Well, this is the position in which Indian policymakers currently find themselves. India has just adopted its first national public insurance program. The program hasn t yet been fully rolled out and the country is planning an uncharted future. The Indian Health Insurance Experiment aims to produce reliable evidence on the effects of different health insurance reforms on the health care system to aid policymakers in implementing the best possible program.
THE US EXPERIENCE
In 2010, the US adopted a bold expansion of its public health insurance system, the Affordable Care Act (ACA). The ACA committed roughly $1.4 trillion over 10 years in equal parts to expand Medicaid and to provide tax credits to reduce health insurance premium payments for households under 400% of the federal poverty line (roughly $90,000 for a family of 4). This is expected to provide insurance to 20-30 million who are presently uninsured.
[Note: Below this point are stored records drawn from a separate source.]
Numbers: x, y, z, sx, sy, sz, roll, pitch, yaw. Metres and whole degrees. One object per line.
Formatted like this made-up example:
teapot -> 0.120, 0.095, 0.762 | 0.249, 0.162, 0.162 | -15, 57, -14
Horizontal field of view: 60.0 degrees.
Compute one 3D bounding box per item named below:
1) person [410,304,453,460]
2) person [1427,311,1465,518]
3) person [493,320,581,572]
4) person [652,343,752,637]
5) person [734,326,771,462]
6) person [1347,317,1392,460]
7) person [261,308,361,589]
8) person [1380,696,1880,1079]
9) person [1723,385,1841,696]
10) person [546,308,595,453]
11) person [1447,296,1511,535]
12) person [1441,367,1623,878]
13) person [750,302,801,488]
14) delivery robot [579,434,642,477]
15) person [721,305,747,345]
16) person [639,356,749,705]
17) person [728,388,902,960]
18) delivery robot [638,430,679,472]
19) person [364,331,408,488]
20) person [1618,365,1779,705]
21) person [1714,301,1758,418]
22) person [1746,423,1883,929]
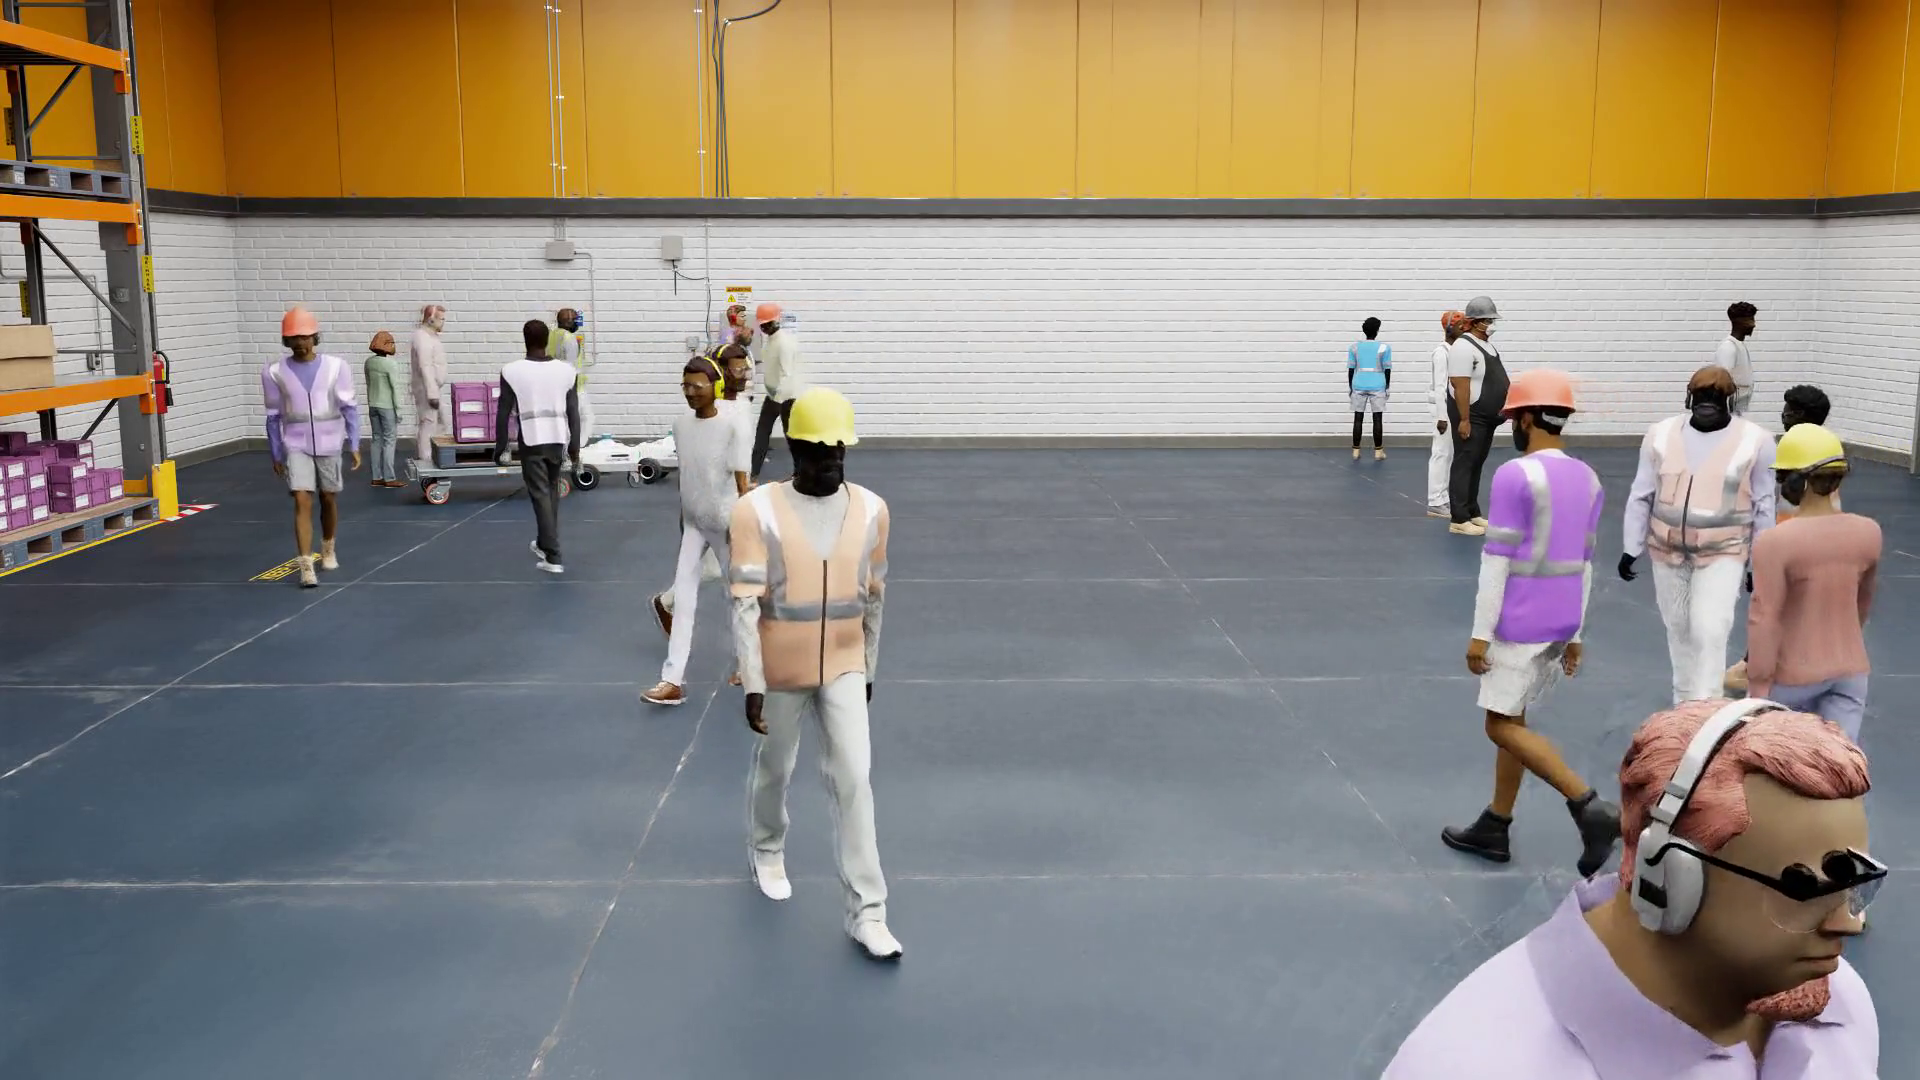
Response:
person -> -5.801, -1.639, 18.239 | 0.433, 1.882, 0.693 | -2, 9, -10
person -> 4.484, -1.153, 15.264 | 0.348, 1.882, 0.584 | 5, 11, 29
person -> -3.253, -0.725, 12.680 | 0.597, 1.878, 0.932 | -7, 12, -39
person -> -1.447, -0.232, 9.741 | 0.771, 1.851, 0.524 | 5, 11, 29
person -> -2.622, -1.714, 19.542 | 0.753, 1.609, 0.542 | 2, 9, 12
person -> 4.865, -1.797, 19.777 | 0.534, 1.697, 0.322 | 5, 10, 27
person -> -4.721, -0.688, 12.125 | 0.626, 1.995, 1.065 | -4, 10, -24
person -> 0.673, 1.042, 1.872 | 0.665, 1.869, 0.884 | -5, 11, -28
person -> 4.345, 0.021, 8.731 | 0.835, 1.653, 0.549 | 5, 10, 27
person -> -4.357, -1.684, 18.676 | 0.528, 1.825, 0.647 | -7, 11, -36
person -> 4.467, -1.073, 14.289 | 0.537, 2.000, 0.682 | 6, 11, 32
person -> 2.202, 0.317, 6.187 | 0.582, 1.905, 0.714 | -7, 12, -38
person -> -1.947, -1.457, 16.992 | 0.946, 1.927, 0.672 | -5, 11, -30
delivery robot -> -3.658, -0.860, 17.245 | 0.707, 0.478, 0.477 | -3, 10, -15
person -> -2.683, -1.865, 19.740 | 0.375, 1.843, 0.575 | -1, 9, -5
person -> -1.321, -0.059, 8.773 | 0.550, 1.815, 0.997 | 5, 10, 26
person -> -0.510, 0.413, 5.710 | 0.591, 1.878, 1.005 | -4, 10, -22
delivery robot -> -3.040, -0.931, 17.676 | 0.707, 0.478, 0.477 | 0, 9, 3
person -> -5.979, -1.353, 17.285 | 0.493, 1.624, 0.280 | 6, 11, 30
person -> 3.445, 0.091, 7.867 | 0.624, 1.815, 0.770 | 9, 13, 44
person -> 7.284, -1.267, 15.708 | 0.367, 1.964, 0.609 | 6, 11, 33
person -> 2.956, 0.460, 5.843 | 0.546, 1.736, 0.725 | -2, 9, -10

Although policy research expenditures lag far behind actual health expenditures, the US research community has significantly invested in rigorously researching the impacts of the ACA. Most notable is the Oregon Health Insurance Experiment. Prior to the ACA, Oregon sought to expand its Medicaid program but lacked funds to provide insurance for everyone who fit its new eligibility criteria. So it provided Medicaid to a random subset of the newly eligible population. Health economists such as Kate Baicker and Amy Finkelstein, among others, used this truly natural experiment to study how expanding Medicaid coverage impacts utilization, health and financial status. Although the results are sobering (additional utilization, especially of emergency departments, insignificant increases in objective health outcomes, reduced out of pocket expenditures), the study serves as a role model for how research should inform policy. It carries on the legacy that began with the RAND Health Insurance Experiment in the 1980s, and continued with, e.g., the Seguro Popular experiment in Mexico in the early 2000s.
THE INDIAN EXPERIENCE
Just two years before the US adopted the ACA, India adopted its first national public health insurance scheme, Rashtriya Swasthya Bima Yojna (RSBY). India clearly has a far less developed health care and financing system country than the US. Whereas roughly 80% of the US was insured prior to the ACA, less than 11% were insured prior to RSBY; and while the US has an out-of-pocket payment rate of 18%, more than 75% of medical expenses are financed out-of-pocket in India. Unsurprisingly, nearly 63 million people are forced into poverty each year because of medical expenses. In response, the central government adopted a scheme that would provide hospital insurance to individuals with Below Poverty Line cards, roughly the bottom quartile of the population (in terms of asset distribution) nearly 300 million people! That is an order of magnitude larger than the ACA health insurance expansion. In five years, the program has already provided coverage to 150 million lives, nearly 50% more than the number of lives covered by Medicaid and Medicare combined. This is partly because RSBY coverage is sparser than Medicaid coverage, hospital utilization is lower in India, and health care prices are lower in India. The cost of the existing RSBY expansion is on the order of $25 billion over 10 years nearly an order of magnitude less than the cost of the ACA expansion. Even if the coverage and thus costs were to expand fourfold (e.g., including outpatient care) RSBY would still be less than one-tenth the price of the ACA.
Just as the ACA demands rigorous evidence on its effects, so too does RSBY. In the case of RSBY, this evidence would influence the durability of RSBY and its future expansion. Like the ACA, RSBY has been criticized based on implementation and costs. Yet policymakers are also debating whether and how to expand RSBY eligibility to the middle-income populations and coverage to include outpatient care and medicines. A solid base of evidence on the program could help resolve these debates and point to a way forward as India considers the government s role in health care financing.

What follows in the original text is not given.